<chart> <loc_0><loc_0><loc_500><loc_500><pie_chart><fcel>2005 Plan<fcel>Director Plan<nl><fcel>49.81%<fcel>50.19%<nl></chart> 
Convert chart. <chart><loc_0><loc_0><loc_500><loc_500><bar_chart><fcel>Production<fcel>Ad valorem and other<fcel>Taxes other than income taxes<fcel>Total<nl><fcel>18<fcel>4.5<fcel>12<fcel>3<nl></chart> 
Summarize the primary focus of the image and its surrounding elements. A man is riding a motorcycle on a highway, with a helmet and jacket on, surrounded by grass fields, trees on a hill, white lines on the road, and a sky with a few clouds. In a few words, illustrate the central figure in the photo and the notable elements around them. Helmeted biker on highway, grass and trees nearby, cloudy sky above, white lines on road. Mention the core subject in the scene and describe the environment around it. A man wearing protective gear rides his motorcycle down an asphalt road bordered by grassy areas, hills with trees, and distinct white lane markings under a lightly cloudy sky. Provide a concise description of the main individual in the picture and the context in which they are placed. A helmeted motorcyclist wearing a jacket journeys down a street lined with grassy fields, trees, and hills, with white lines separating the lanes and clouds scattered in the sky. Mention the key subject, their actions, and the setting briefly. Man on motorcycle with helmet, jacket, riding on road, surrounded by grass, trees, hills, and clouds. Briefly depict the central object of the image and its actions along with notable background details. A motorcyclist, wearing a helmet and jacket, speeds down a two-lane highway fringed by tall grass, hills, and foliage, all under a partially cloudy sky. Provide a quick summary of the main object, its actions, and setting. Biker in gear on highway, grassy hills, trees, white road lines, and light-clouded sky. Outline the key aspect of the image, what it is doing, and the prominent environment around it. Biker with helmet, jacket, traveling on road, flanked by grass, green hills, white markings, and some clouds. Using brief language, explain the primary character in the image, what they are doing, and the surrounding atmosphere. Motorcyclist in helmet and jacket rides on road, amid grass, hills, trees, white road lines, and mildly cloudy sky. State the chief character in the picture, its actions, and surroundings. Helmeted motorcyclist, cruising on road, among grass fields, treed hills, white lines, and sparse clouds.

==

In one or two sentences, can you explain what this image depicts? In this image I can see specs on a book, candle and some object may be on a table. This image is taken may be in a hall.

...

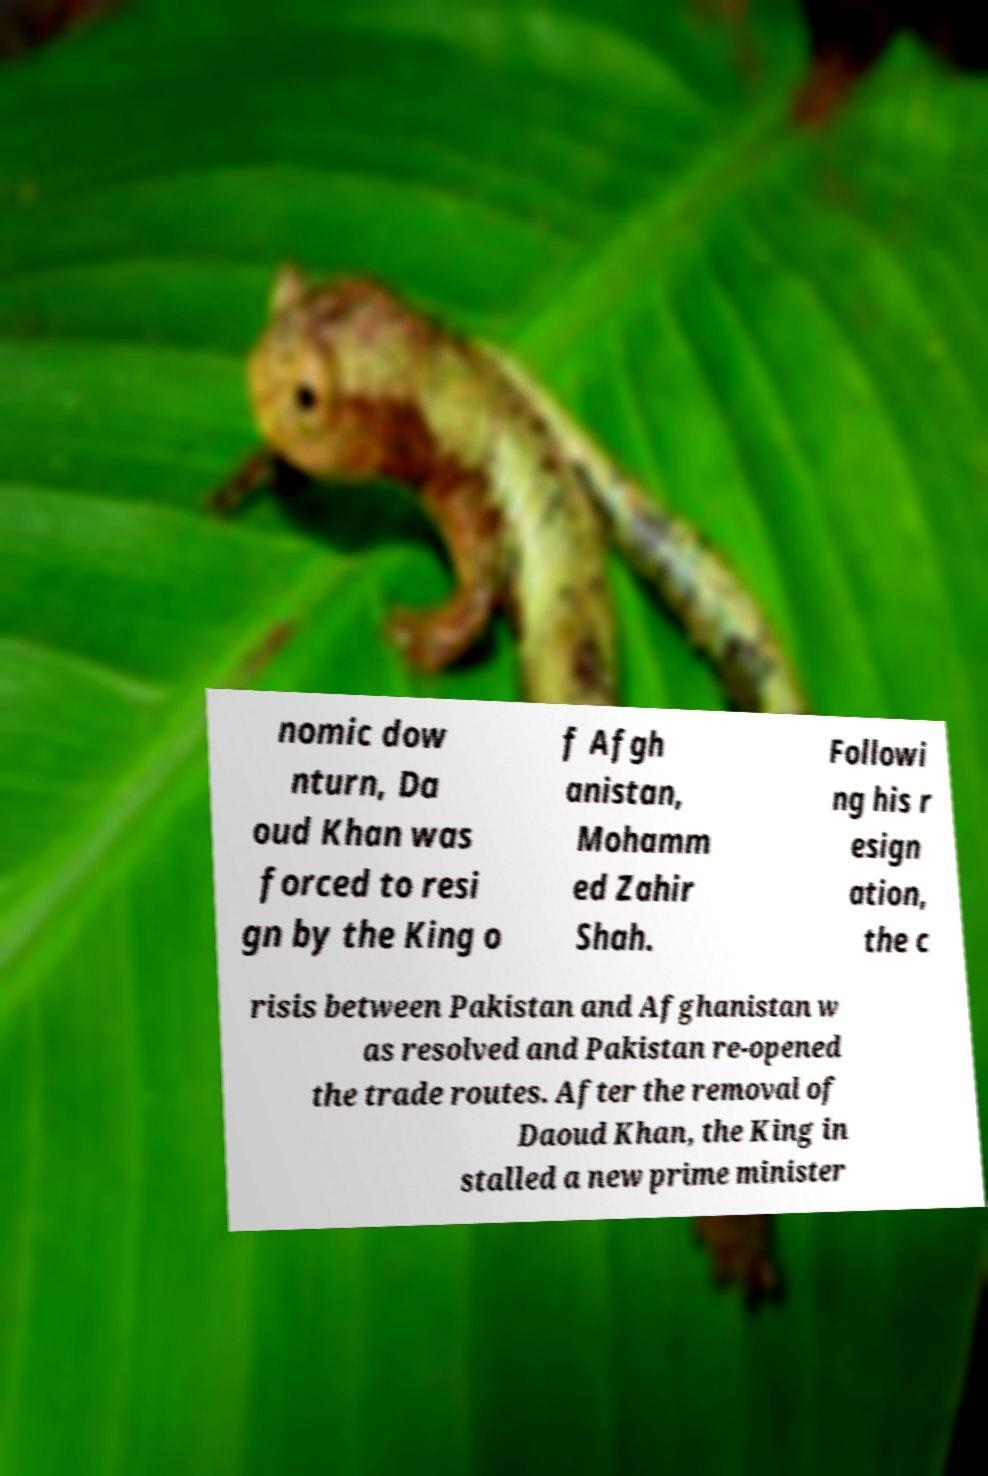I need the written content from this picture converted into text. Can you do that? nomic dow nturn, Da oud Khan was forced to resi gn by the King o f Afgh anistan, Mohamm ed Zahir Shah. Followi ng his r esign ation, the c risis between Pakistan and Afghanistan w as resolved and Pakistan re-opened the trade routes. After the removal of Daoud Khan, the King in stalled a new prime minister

Work order —
Which of the lines in the material above contain "fcel"? Copy each one out.

Answer below —
<chart> <loc_0><loc_0><loc_500><loc_500><pie_chart><fcel>2005 Plan<fcel>Director Plan<nl><fcel>49.81%<fcel>50.19%<nl></chart> 
Convert chart. <chart><loc_0><loc_0><loc_500><loc_500><bar_chart><fcel>Production<fcel>Ad valorem and other<fcel>Taxes other than income taxes<fcel>Total<nl><fcel>18<fcel>4.5<fcel>12<fcel>3<nl></chart> 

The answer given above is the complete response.